These two men were so into the fight that they could not here the gunfire going off nearby. Then the man in Grimes’ second in command, who hasn’t revealed his real name or face to anyone on the team since he wears a white hockey mask and goes by the alias “Enforcer,” taps Grimes on the shoulder.

            “Sir, I’ve already got the team moving. We’re under heavy fire, so I suggest you make it quick,” Enforcer said in his rushed, British accent before running back downstairs.

            “Can I count on you, soldier?” asked Grimes.

            “For now,” replies Rogers and they both race downstairs. Upon exiting the building both Grimes and Rogers are met with heavy gun fire from M4s, AK-47s, and a wide array of pistols and machine guns. With men already trying to form a path through the line of cartel foot soldiers, Grimes jogs through the hailstorm with his personally modified AK-47 with drum magazine firing back.
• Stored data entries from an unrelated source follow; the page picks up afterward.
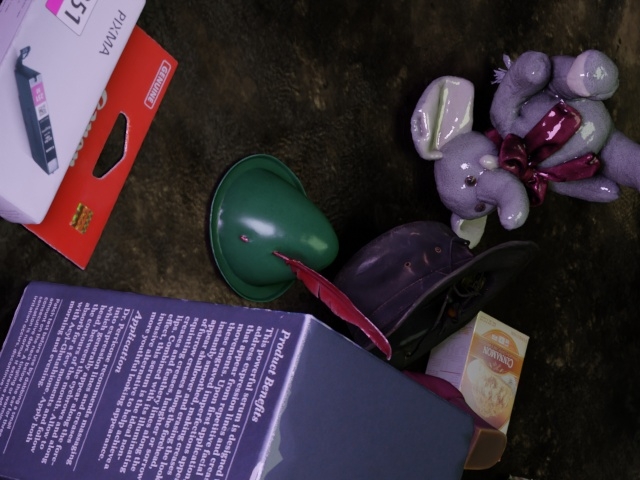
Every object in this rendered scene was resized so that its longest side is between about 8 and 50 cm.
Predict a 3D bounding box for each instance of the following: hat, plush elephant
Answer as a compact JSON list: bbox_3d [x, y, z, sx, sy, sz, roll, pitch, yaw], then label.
[{"bbox_3d":[0.108,0.060,1.924,0.331,0.331,0.134,-20,69,-47],"label":"hat"},{"bbox_3d":[0.000,0.000,1.775,0.208,0.183,0.173,53,56,-38],"label":"hat"},{"bbox_3d":[0.265,-0.113,2.043,0.255,0.330,0.272,-44,127,-9],"label":"plush elephant"}]

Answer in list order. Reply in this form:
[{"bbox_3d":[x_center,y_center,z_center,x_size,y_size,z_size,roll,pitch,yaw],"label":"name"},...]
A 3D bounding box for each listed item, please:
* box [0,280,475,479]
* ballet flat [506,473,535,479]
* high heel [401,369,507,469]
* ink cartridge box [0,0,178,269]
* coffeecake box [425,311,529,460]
[{"bbox_3d":[-0.103,0.201,1.511,0.293,0.395,0.212,35,67,-46],"label":"box"},{"bbox_3d":[0.261,0.449,2.221,0.077,0.091,0.241,34,60,-13],"label":"ballet flat"},{"bbox_3d":[0.064,0.206,1.887,0.377,0.181,0.127,26,93,-49],"label":"high heel"},{"bbox_3d":[-0.252,-0.138,1.564,0.239,0.060,0.275,40,64,-42],"label":"ink cartridge box"},{"bbox_3d":[0.211,0.202,2.133,0.142,0.068,0.185,28,73,-48],"label":"coffeecake box"}]
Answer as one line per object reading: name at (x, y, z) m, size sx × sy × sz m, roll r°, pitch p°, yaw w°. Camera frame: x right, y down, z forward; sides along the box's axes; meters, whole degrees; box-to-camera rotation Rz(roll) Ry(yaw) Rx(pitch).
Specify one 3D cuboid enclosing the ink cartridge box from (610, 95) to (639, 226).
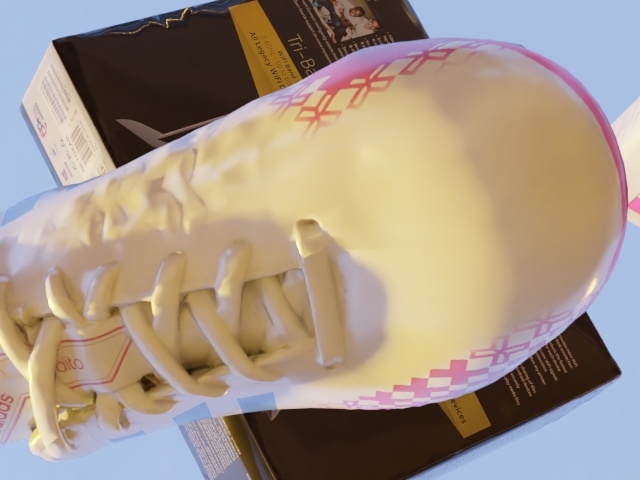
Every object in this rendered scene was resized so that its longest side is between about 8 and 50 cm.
ink cartridge box at (0.334, -0.029, 1.034) m, size 0.275 × 0.239 × 0.060 m, roll 29°, pitch -113°, yaw -2°

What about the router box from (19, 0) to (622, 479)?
router box at (0.000, 0.000, 0.966) m, size 0.243 × 0.081 × 0.309 m, roll -19°, pitch -106°, yaw -32°

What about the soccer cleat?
soccer cleat at (-0.046, 0.026, 0.549) m, size 0.143 × 0.331 × 0.116 m, roll -29°, pitch -82°, yaw -38°
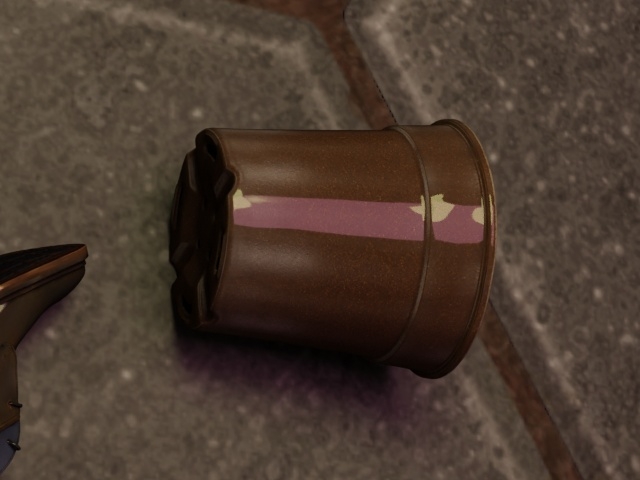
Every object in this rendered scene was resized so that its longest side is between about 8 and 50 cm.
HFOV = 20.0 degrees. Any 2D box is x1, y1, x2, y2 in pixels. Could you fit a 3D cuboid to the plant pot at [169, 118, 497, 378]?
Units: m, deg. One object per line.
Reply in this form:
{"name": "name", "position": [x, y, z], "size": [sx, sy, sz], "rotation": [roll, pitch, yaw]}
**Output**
{"name": "plant pot", "position": [0.000, 0.000, 1.134], "size": [0.165, 0.167, 0.167], "rotation": [4, 66, -20]}

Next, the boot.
{"name": "boot", "position": [-0.203, 0.081, 1.038], "size": [0.219, 0.082, 0.106], "rotation": [-33, 112, -45]}
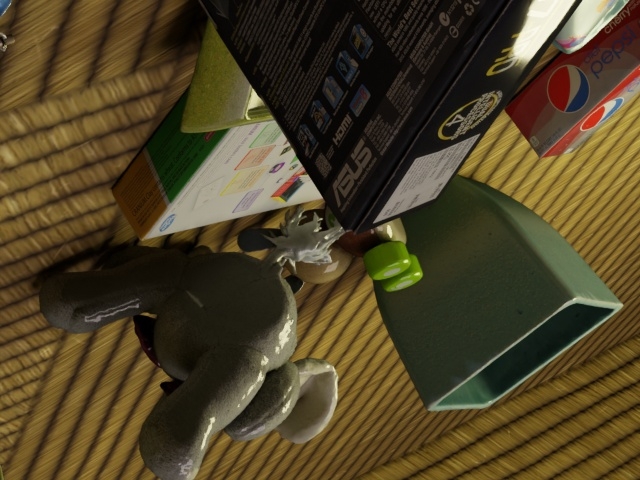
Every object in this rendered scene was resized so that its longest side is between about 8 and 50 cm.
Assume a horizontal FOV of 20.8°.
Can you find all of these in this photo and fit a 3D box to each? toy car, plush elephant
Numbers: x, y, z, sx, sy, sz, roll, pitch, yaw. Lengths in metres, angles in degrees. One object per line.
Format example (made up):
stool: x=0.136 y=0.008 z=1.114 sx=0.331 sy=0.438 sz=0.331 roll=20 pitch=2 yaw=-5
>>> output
toy car: x=0.000 y=0.000 z=2.019 sx=0.188 sy=0.155 sz=0.149 roll=-23 pitch=164 yaw=8
plush elephant: x=-0.118 y=0.127 z=1.909 sx=0.330 sy=0.272 sz=0.255 roll=-35 pitch=155 yaw=-24

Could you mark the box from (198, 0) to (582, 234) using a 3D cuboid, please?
box: x=0.037 y=-0.238 z=1.136 sx=0.097 sy=0.318 sz=0.395 roll=-23 pitch=158 yaw=-33

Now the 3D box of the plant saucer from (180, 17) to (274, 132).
plant saucer: x=-0.022 y=-0.178 z=1.528 sx=0.188 sy=0.045 sz=0.188 roll=-15 pitch=130 yaw=-46

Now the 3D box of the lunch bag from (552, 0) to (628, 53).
lunch bag: x=0.268 y=-0.330 z=1.575 sx=0.262 sy=0.160 sz=0.223 roll=-42 pitch=161 yaw=-9

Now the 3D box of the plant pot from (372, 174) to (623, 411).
plant pot: x=0.210 y=0.054 z=2.331 sx=0.248 sy=0.252 sz=0.247 roll=-38 pitch=161 yaw=17

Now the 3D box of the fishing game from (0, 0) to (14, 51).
fishing game: x=-0.257 y=-0.188 z=1.221 sx=0.189 sy=0.041 sz=0.264 roll=-21 pitch=159 yaw=-26

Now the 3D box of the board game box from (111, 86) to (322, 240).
board game box: x=-0.027 y=-0.118 z=1.767 sx=0.316 sy=0.064 sz=0.242 roll=-14 pitch=154 yaw=-47

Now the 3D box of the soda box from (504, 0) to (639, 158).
soda box: x=0.353 y=-0.215 z=2.146 sx=0.263 sy=0.083 sz=0.092 roll=-45 pitch=160 yaw=32

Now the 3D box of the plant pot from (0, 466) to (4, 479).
plant pot: x=-0.482 y=0.264 z=1.584 sx=0.293 sy=0.275 sz=0.274 roll=-28 pitch=170 yaw=41
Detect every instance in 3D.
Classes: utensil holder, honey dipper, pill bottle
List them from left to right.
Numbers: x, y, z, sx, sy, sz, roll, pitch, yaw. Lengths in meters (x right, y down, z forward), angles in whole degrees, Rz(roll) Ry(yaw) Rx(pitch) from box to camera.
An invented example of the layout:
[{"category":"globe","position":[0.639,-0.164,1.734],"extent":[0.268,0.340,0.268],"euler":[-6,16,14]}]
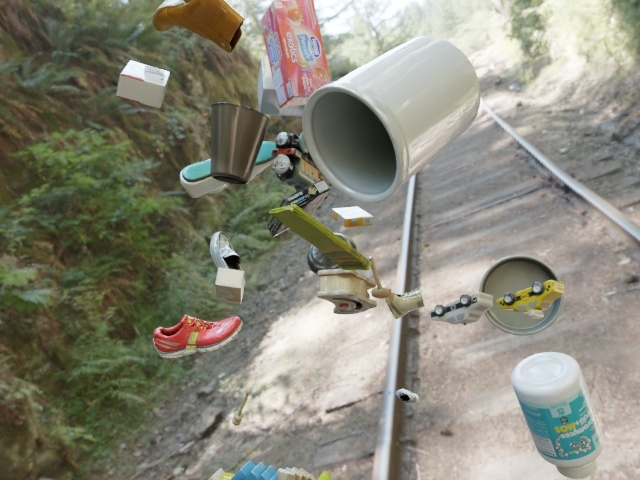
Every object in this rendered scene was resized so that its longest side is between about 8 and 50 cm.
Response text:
[{"category":"honey dipper","position":[-0.242,0.511,1.656],"extent":[0.030,0.030,0.161],"euler":[-43,-22,-56]},{"category":"utensil holder","position":[0.199,-0.331,1.442],"extent":[0.385,0.328,0.327],"euler":[-37,16,-31]},{"category":"pill bottle","position":[0.529,0.391,1.183],"extent":[0.146,0.264,0.146],"euler":[-23,15,7]}]

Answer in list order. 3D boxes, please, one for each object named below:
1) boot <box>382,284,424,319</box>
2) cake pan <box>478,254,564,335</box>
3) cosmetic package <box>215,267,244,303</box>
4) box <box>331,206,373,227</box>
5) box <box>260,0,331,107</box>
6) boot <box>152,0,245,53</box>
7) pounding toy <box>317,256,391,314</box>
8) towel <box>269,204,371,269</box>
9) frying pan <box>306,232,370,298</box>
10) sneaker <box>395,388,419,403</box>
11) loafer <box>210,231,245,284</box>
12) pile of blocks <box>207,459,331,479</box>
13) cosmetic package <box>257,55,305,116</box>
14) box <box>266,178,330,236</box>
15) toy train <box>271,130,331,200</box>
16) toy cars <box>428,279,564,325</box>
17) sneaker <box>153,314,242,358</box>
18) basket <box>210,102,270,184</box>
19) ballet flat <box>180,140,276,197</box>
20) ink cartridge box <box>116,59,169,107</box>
[{"category":"boot","position":[0.386,0.262,2.499],"extent":[0.165,0.213,0.077],"euler":[-24,35,10]},{"category":"cake pan","position":[0.735,0.200,1.975],"extent":[0.293,0.294,0.054],"euler":[-22,-9,14]},{"category":"cosmetic package","position":[-0.203,0.103,1.204],"extent":[0.060,0.041,0.115],"euler":[8,-25,-4]},{"category":"box","position":[0.084,-0.068,1.480],"extent":[0.081,0.028,0.136],"euler":[-6,20,-17]},{"category":"box","position":[-0.080,-0.597,1.729],"extent":[0.142,0.300,0.154],"euler":[-14,3,-23]},{"category":"boot","position":[-0.322,-0.569,1.422],"extent":[0.104,0.211,0.295],"euler":[-57,18,-20]},{"category":"pounding toy","position":[0.084,0.129,1.609],"extent":[0.154,0.155,0.269],"euler":[-15,-28,33]},{"category":"towel","position":[0.000,0.000,1.170],"extent":[0.102,0.237,0.021],"euler":[-9,50,52]},{"category":"frying pan","position":[0.049,0.096,1.972],"extent":[0.197,0.053,0.326],"euler":[-18,50,6]},{"category":"sneaker","position":[0.273,0.516,1.786],"extent":[0.069,0.038,0.098],"euler":[15,-12,-37]},{"category":"loafer","position":[-0.363,0.084,2.150],"extent":[0.111,0.320,0.112],"euler":[-40,-37,25]},{"category":"pile of blocks","position":[-0.079,0.539,1.177],"extent":[0.361,0.149,0.112],"euler":[6,11,22]},{"category":"cosmetic package","position":[-0.129,-0.557,1.947],"extent":[0.183,0.152,0.151],"euler":[1,-23,-13]},{"category":"box","position":[-0.078,-0.111,1.864],"extent":[0.175,0.051,0.220],"euler":[-30,-10,-31]},{"category":"toy train","position":[-0.061,-0.267,1.947],"extent":[0.142,0.191,0.334],"euler":[2,-12,28]},{"category":"toy cars","position":[0.524,0.204,1.588],"extent":[0.393,0.087,0.176],"euler":[-10,-25,3]},{"category":"sneaker","position":[-0.379,0.278,1.643],"extent":[0.278,0.119,0.107],"euler":[-16,20,0]},{"category":"basket","position":[-0.279,-0.311,1.772],"extent":[0.204,0.227,0.154],"euler":[12,-9,-27]},{"category":"ballet flat","position":[-0.336,-0.266,2.034],"extent":[0.400,0.139,0.139],"euler":[-23,10,-21]},{"category":"ink cartridge box","position":[-0.410,-0.366,1.251],"extent":[0.099,0.056,0.135],"euler":[12,28,-17]}]

He soon gets to a group of his men, taking cover behind some large rocks. Before speaking to them, Grimes takes down three men with his sharpshooting and eagle eye.

            “Your name’s Ramirez, right? The one I spoke to earlier? Give me a sit-rep.”

            “Yes, sir! Uh… We have a team getting the truck and Humvee over here. We can use the truck to run over these guys and the Humvee’s machine gun to thin them out.”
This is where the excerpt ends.